Stephane Antiga: to była bardzo długa droga…
Trudna i wyczerpująca walka Polaków o Rio de Janeiro nareszcie się zakończyła. Biało-czerwoni, zwyciężając 3:0 z Wenezuelą, zapewnili sobie awans na igrzyska olimpijskie, gdzie w sierpniu będą rywalizować o medale.
Na konferencji prasowej powiedzieli:
Stephane Antiga, trener reprezentacji Polski: To był bardzo długi proces, pełen wielu turniejów i mnóstwa meczów. Rozegraliśmy ponad dwadzieścia spotkań i wreszcie zakwalifikowaliśmy się do Rio de Janeiro. To była bardzo długa droga… Wszystkie doświadczenia, jakie mamy za sobą, umocniły nas jako drużynę. Bardzo chcieliśmy wywalczyć awans już w dzisiejszym meczu. Razem z moimi graczami jestem bardzo szczęśliwy, że udało nam się osiągnąć ten cel.
Michał Kubiak, kapitan reprezentacji Polski: Czuję się wspaniale, że po raz drugi z rzędu udało mi zakwalifikować na igrzyska olimpijskie. Spełniło się marzenie moje i całej drużyny. Nie udało nam się wywalczyć awansu podczas Pucharu Świata i w turnieju kwalifikacyjnym w Berlinie, ale dziś przypieczętowaliśmy swoje miejsce w Rio. Wygraliśmy wszystkie pięć, rozegranych do tej pory spotkań, ale mamy świadomość, że nasz poziom nie jest jeszcze taki, jak byśmy chcieli. Teraz jedziemy do Brazylii i postaramy się sięgnąć tam po złoto.
Vincenzo Nacci, trener reprezentacji Wenezueli: Zagraliśmy przyzwoicie. Nasz rytm i prędkość gry była dobra. Polska jest silną drużyną i nie potrafiliśmy jej się przeciwstawić. Wyciągnęliśmy z meczu wnioski i wiemy, że musimy udoskonalić naszą grę w kontrze.
Kervin Pinerua, kapitan reprezentacji Wenezueli: Mecz przeciwko mistrzom świata, był dla nas bardzo ciężki. Nasza drużyna popełniła mniej błędów, jak zazwyczaj. Teraz musimy ciężko pracować, żeby dobrze przygotować się do kolejnych spotkań i turniejów.

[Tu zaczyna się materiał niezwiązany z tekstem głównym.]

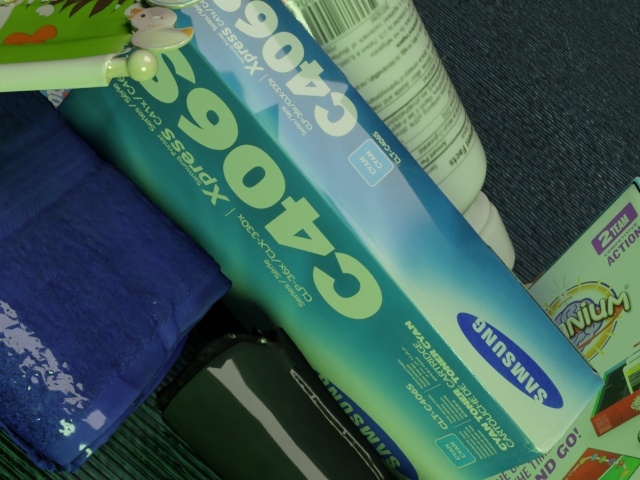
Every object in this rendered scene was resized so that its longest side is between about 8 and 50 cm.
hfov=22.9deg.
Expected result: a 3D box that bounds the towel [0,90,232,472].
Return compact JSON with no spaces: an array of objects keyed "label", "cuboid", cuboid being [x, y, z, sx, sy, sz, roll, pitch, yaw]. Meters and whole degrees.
[{"label":"towel","cuboid":[-0.203,-0.024,0.867,0.308,0.076,0.227,46,24,-4]}]

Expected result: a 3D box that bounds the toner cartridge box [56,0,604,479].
[{"label":"toner cartridge box","cuboid":[0.000,0.000,0.974,0.348,0.165,0.075,49,56,-4]}]

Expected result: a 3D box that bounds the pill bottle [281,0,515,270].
[{"label":"pill bottle","cuboid":[0.017,-0.078,1.088,0.283,0.160,0.160,62,22,-22]}]

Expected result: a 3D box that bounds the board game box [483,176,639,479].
[{"label":"board game box","cuboid":[0.199,0.153,0.986,0.064,0.242,0.316,19,35,-35]}]

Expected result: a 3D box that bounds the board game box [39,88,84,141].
[{"label":"board game box","cuboid":[-0.213,-0.065,0.975,0.145,0.027,0.281,17,48,-33]}]

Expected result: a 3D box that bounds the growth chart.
[{"label":"growth chart","cuboid":[-0.145,-0.139,0.880,0.172,0.021,0.237,-8,33,7]}]

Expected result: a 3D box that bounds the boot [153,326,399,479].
[{"label":"boot","cuboid":[-0.020,0.157,0.871,0.207,0.094,0.246,46,22,4]}]

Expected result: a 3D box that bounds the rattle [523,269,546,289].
[{"label":"rattle","cuboid":[0.223,0.055,1.262,0.200,0.143,0.130,19,58,-47]}]
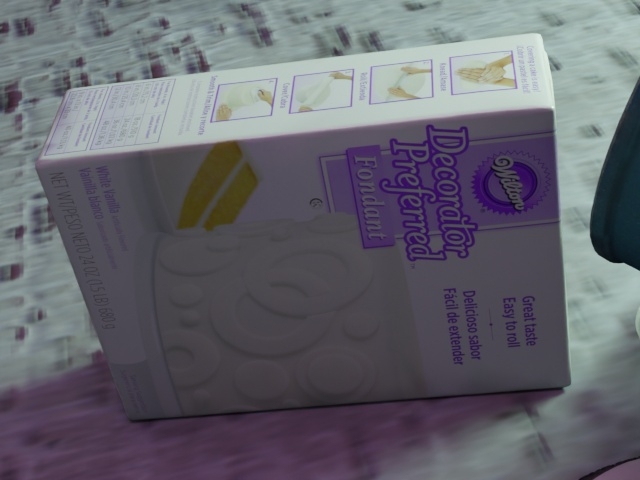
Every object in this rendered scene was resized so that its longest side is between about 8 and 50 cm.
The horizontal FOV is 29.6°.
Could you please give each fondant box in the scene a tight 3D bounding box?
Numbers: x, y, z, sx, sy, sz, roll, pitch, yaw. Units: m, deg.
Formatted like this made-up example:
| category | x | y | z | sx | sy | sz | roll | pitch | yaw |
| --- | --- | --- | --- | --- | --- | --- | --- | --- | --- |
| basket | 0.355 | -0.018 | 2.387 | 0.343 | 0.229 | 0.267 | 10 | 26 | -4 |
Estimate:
| category | x | y | z | sx | sy | sz | roll | pitch | yaw |
| --- | --- | --- | --- | --- | --- | --- | --- | --- | --- |
| fondant box | 0.000 | 0.000 | 0.843 | 0.331 | 0.238 | 0.096 | -6 | 37 | 8 |

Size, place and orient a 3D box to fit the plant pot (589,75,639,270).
| category | x | y | z | sx | sy | sz | roll | pitch | yaw |
| --- | --- | --- | --- | --- | --- | --- | --- | --- | --- |
| plant pot | 0.323 | -0.042 | 0.621 | 0.255 | 0.271 | 0.272 | 34 | 55 | 24 |

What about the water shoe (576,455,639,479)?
| category | x | y | z | sx | sy | sz | roll | pitch | yaw |
| --- | --- | --- | --- | --- | --- | --- | --- | --- | --- |
| water shoe | 0.236 | 0.160 | 0.731 | 0.203 | 0.073 | 0.080 | -16 | 70 | -14 |

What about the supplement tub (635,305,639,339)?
| category | x | y | z | sx | sy | sz | roll | pitch | yaw |
| --- | --- | --- | --- | --- | --- | --- | --- | --- | --- |
| supplement tub | 0.277 | 0.039 | 0.856 | 0.071 | 0.071 | 0.107 | 21 | 47 | 35 |
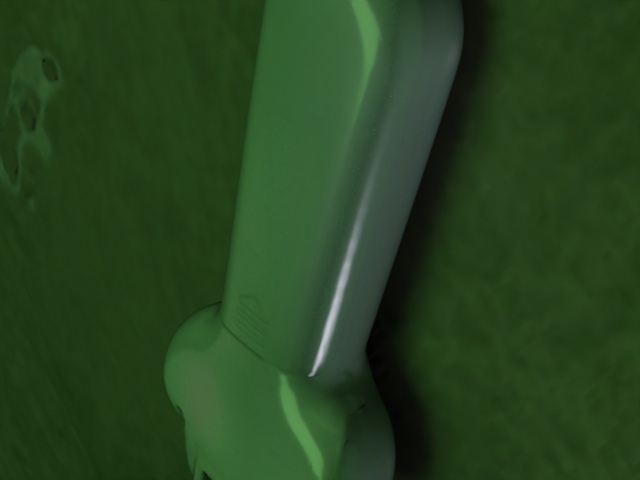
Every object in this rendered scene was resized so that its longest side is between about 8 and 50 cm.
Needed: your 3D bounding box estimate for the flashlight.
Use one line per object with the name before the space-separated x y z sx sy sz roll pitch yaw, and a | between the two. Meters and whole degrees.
flashlight | 0.000 0.000 0.460 0.093 0.047 0.200 36 126 38
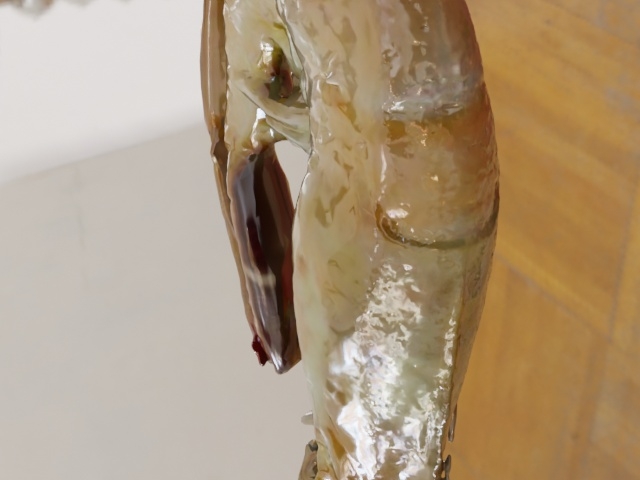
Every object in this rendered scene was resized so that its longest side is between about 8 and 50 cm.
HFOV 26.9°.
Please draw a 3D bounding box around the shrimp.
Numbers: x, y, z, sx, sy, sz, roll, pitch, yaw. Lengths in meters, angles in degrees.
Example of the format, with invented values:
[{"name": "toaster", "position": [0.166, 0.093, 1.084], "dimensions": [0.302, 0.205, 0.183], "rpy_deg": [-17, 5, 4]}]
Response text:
[{"name": "shrimp", "position": [-0.003, 0.001, 0.381], "dimensions": [0.133, 0.053, 0.236], "rpy_deg": [24, 126, 45]}]
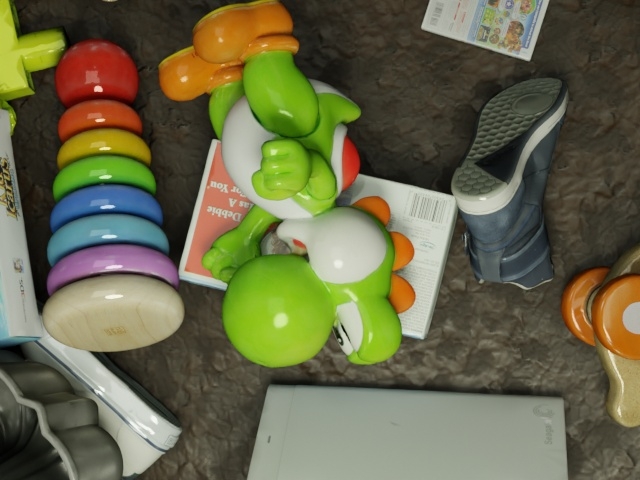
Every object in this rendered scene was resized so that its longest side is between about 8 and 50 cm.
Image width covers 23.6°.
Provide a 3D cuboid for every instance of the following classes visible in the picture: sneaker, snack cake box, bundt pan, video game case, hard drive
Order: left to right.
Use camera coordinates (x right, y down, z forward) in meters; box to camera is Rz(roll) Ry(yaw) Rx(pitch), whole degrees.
[{"bbox_3d":[-0.431,0.011,1.599,0.269,0.061,0.244,-15,81,24],"label":"video game case"},{"bbox_3d":[-0.316,0.261,1.537,0.330,0.124,0.331,5,99,34],"label":"bundt pan"},{"bbox_3d":[-0.267,0.148,1.603,0.258,0.094,0.091,41,90,8],"label":"sneaker"},{"bbox_3d":[0.000,0.000,1.594,0.264,0.089,0.152,14,88,7],"label":"snack cake box"},{"bbox_3d":[0.089,0.218,1.519,0.307,0.203,0.040,2,120,6],"label":"hard drive"},{"bbox_3d":[0.178,-0.250,1.637,0.122,0.011,0.087,18,86,7],"label":"video game case"},{"bbox_3d":[0.207,-0.052,1.585,0.086,0.163,0.226,5,43,32],"label":"sneaker"}]

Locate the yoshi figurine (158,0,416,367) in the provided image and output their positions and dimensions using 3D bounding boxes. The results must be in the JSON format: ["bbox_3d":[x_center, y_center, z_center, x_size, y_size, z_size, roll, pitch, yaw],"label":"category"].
[{"bbox_3d":[-0.053,-0.031,1.472,0.203,0.203,0.362,-26,86,19],"label":"yoshi figurine"}]

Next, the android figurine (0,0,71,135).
[{"bbox_3d":[-0.413,-0.221,1.666,0.272,0.056,0.248,-15,85,0],"label":"android figurine"}]

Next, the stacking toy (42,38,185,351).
[{"bbox_3d":[-0.222,-0.058,1.584,0.141,0.141,0.330,-9,64,4],"label":"stacking toy"}]

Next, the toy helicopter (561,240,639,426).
[{"bbox_3d":[0.407,0.156,1.543,0.235,0.140,0.355,-20,94,-6],"label":"toy helicopter"}]
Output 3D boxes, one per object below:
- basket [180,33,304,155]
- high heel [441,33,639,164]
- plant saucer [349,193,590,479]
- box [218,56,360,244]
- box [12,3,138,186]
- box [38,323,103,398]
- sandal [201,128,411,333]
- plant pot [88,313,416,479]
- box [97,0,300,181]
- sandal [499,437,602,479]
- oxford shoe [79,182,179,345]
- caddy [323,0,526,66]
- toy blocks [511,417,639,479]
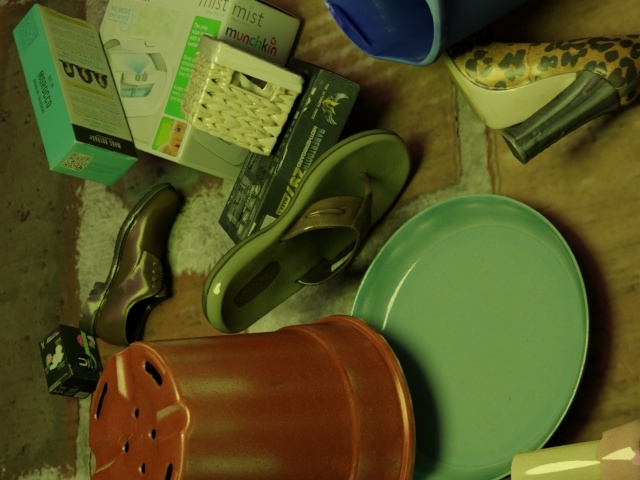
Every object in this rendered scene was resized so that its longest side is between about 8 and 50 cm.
[{"bbox_3d":[-0.098,-0.172,1.674,0.167,0.113,0.103,-136,68,-74],"label":"basket"},{"bbox_3d":[0.241,-0.198,1.534,0.186,0.093,0.261,-34,39,3],"label":"high heel"},{"bbox_3d":[0.158,0.108,1.519,0.317,0.043,0.318,-14,69,40],"label":"plant saucer"},{"bbox_3d":[-0.041,-0.098,1.702,0.233,0.059,0.183,-65,17,5],"label":"box"},{"bbox_3d":[-0.319,-0.189,1.843,0.060,0.100,0.244,-42,52,30],"label":"box"},{"bbox_3d":[-0.340,0.166,1.947,0.052,0.062,0.083,-38,55,30],"label":"box"},{"bbox_3d":[0.000,0.002,1.595,0.303,0.120,0.086,-45,43,-14],"label":"sandal"},{"bbox_3d":[-0.086,0.211,1.518,0.272,0.265,0.272,-8,80,54],"label":"plant pot"},{"bbox_3d":[-0.180,-0.220,1.878,0.262,0.126,0.231,22,94,46],"label":"box"},{"bbox_3d":[0.238,0.241,1.373,0.219,0.060,0.090,-19,70,21],"label":"sandal"},{"bbox_3d":[-0.228,0.035,1.888,0.096,0.083,0.227,23,91,22],"label":"oxford shoe"},{"bbox_3d":[0.074,-0.316,1.538,0.241,0.179,0.341,68,165,-18],"label":"caddy"},{"bbox_3d":[0.338,0.305,1.128,0.260,0.288,0.309,-15,68,33],"label":"toy blocks"}]
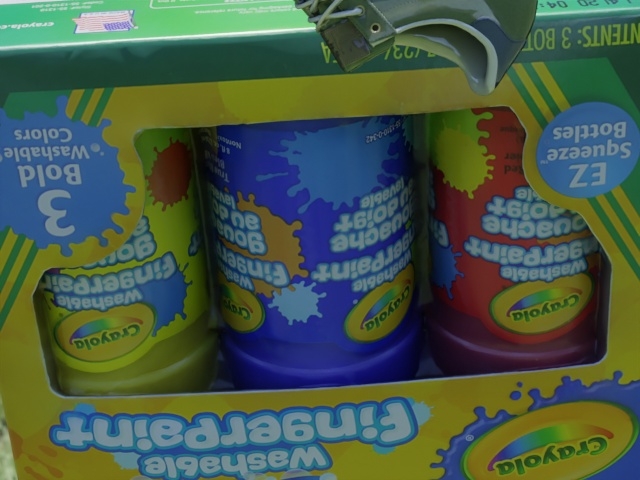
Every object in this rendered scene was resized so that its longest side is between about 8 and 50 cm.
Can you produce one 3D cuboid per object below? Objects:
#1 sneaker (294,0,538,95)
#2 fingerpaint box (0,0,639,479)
[{"bbox_3d":[0.016,-0.123,0.671,0.192,0.086,0.064,13,-3,-17],"label":"sneaker"},{"bbox_3d":[0.000,0.000,0.972,0.444,0.371,0.163,-3,31,0],"label":"fingerpaint box"}]

Dzisiejszy mecz był pojedynkiem kapitanów obu ekip, bo to oni punktowali najczęściej. Michał Kubiak w całym spotkaniu zdobył 13 punktów, atakując z ponad 60-procentową skutecznością. Kervin Pinerua zgromadził o dwa punkty mniej.
Teraz wszystkie drużyny czeka dzień przerwy. W sobotę Polacy zmierzą się z Iranem, a w niedzielę z Australią. Bez względu na wyniki podopieczni Stephana Antigi, mają zapewniony udział na igrzyskach olimpijskich w Rio de Janeiro.